極端に痩せている様子もない。言葉の通り、健康で生活できているようだ。
「陸くんはまた大きくなったわねぇ」
「ばあちゃんは縮んだ?」
「縮んでないわよ。それだけ陸くんが大きくなった証拠よ」
祖母はミラー越しに目を細める。
その視線は私を跨いで隣にいる海の方へ。
「海くんも、髪が伸びたのかしら? 切らないの?」
「まぁ……。
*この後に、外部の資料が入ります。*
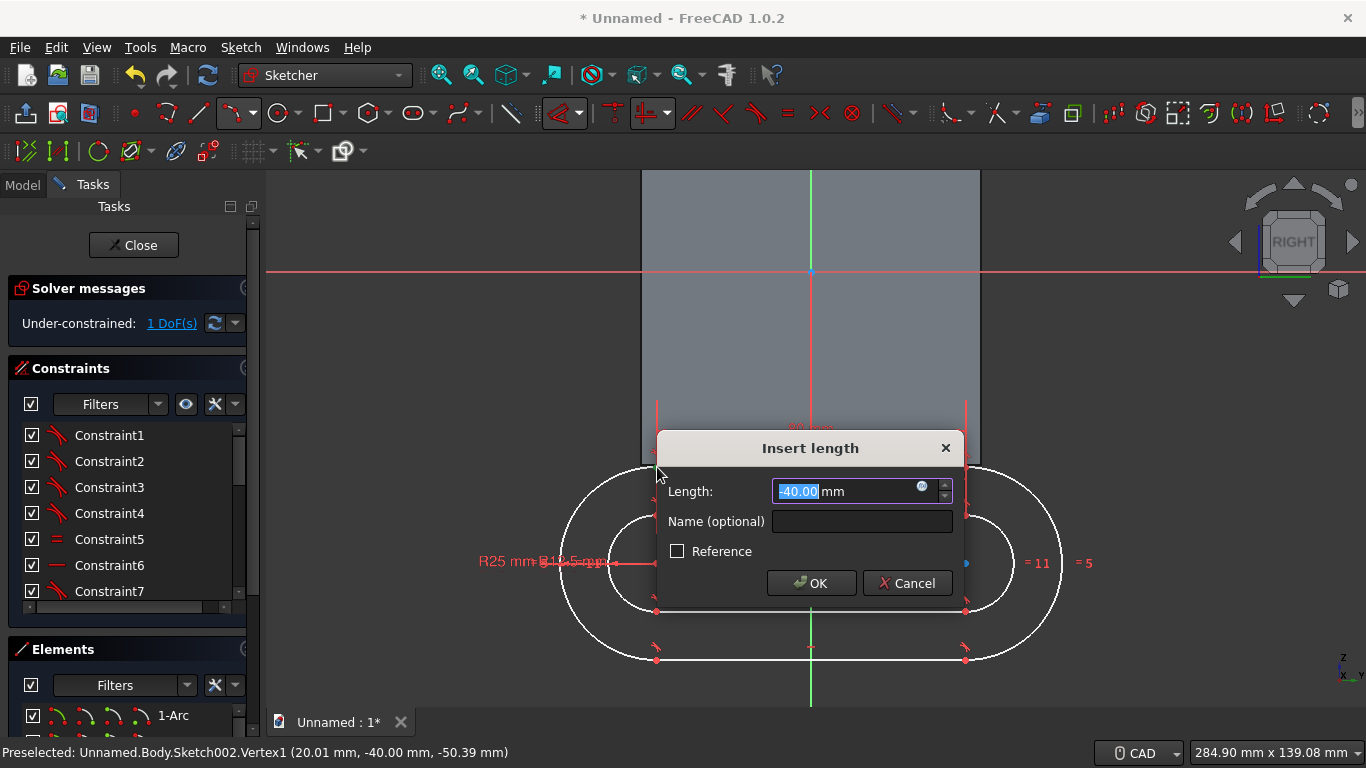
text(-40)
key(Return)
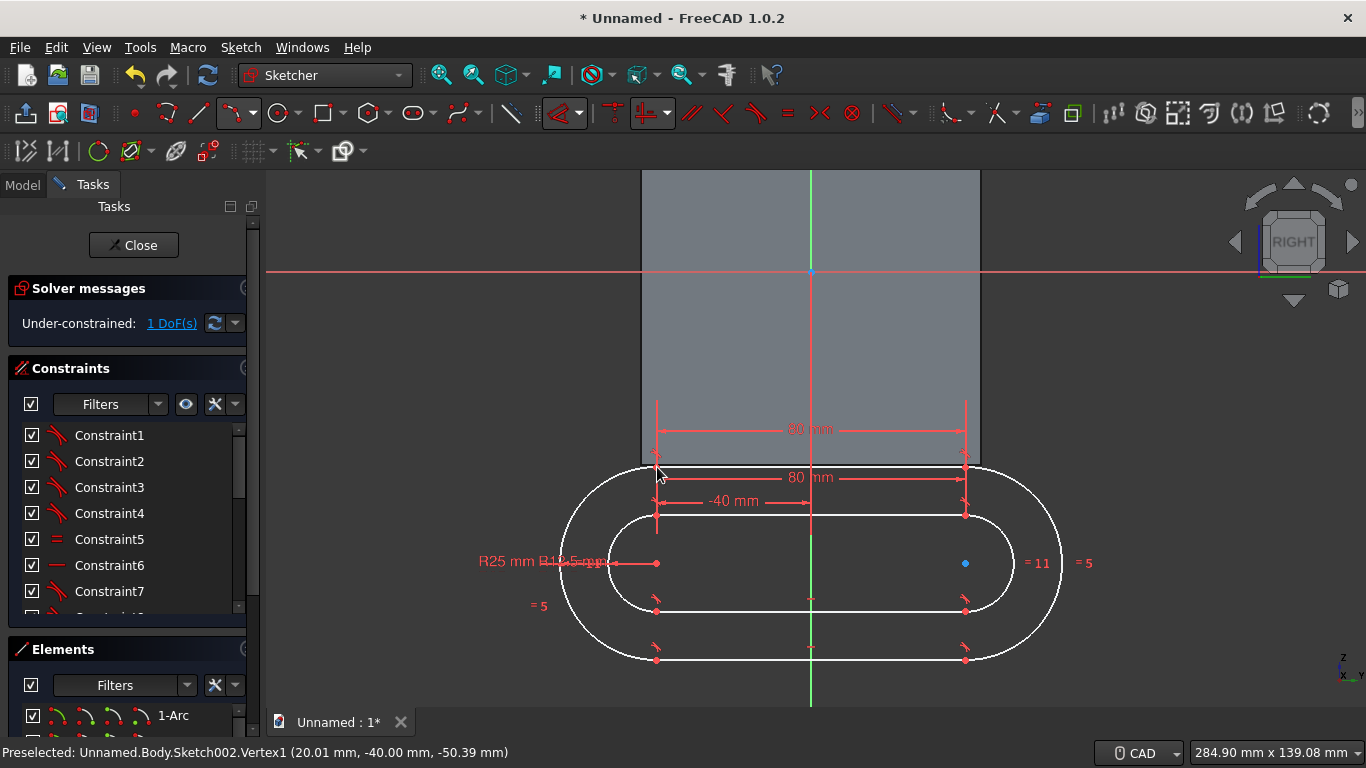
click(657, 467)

しばらくこのままでいいよ」
「あら。どうして? 短い髪も似合うと思うわよ」
「短くすると陸と間違えられる」
「この体格差で間違えるやついないだろ」
からかった陸の二の腕に、海からのパンチが入った。
目の前を腕が伸びてった。危ないなぁ。
「空ちゃんは……痩せた? 大丈夫? ちゃんとご飯食べられてる?」
心配をする祖母に、苦笑いを返す。
「ご飯はモリモリ食べてるよ。いっぱい動くから、多分お肉よりも筋肉がついているんじゃないかな」
「そう……。そうなの。それなら、いいのよ」
安堵した風の祖母。
きっと彼女の頭の中には、士官学校に入学する前の私の姿が浮かんでいる。
(自分のことながら、あの時の私は酷かったからね……)
食べられない。お風呂にも入れない。外の世界に出られない。
他者の介入があって、ようやくまともに人として生きられるかギリギリな状況。
我ながら、よく持ち直したと思う。
多分祖母は、私が痩せた姿を見て、その記憶を呼び起こしてしまったのだと思う。
申し訳ないことをしたと思うと同時、ずっと心配をしてくれている祖父母に擽ったい気持ちが残る。
「心配症だなぁ」
私はもう一度繰り返した。
「それよりおじいちゃん」
「お、なんだ」
「今、家に行っているんだよね」
「そうだぞ。どっち泊まるんだ?」
私たちが暮らしていた家は、祖父母が今もそのまま残してくれている。
だからきっと、私たちの生家か、それとも祖父母の家に泊まるかを、祖父は聞いている。
「基本は実家に泊まりたいかな。だけど、お休みの期間中、おじいちゃんたちのお家に遊びに行ってもいい?」
「もちろんだ。いつでも遊びに来い」
嬉しそうに豪快に笑う祖父。
私は彼に、それで……。と言葉の続きを話す。
「私、私たち、寄りたいところがあるんだけど」
「お、どこ行きたい?」
カーナビに目を通す祖父。
ナビから流れるように、バックミラーに視線をもう一度向ける。
一度、唾を飲む。
柄にもなく緊張しているみたい。
一瞬言葉に詰まった私の両手を、陸と海が繋いでいる。
私は目を瞑る。
そうしてすぐに、それを開いた。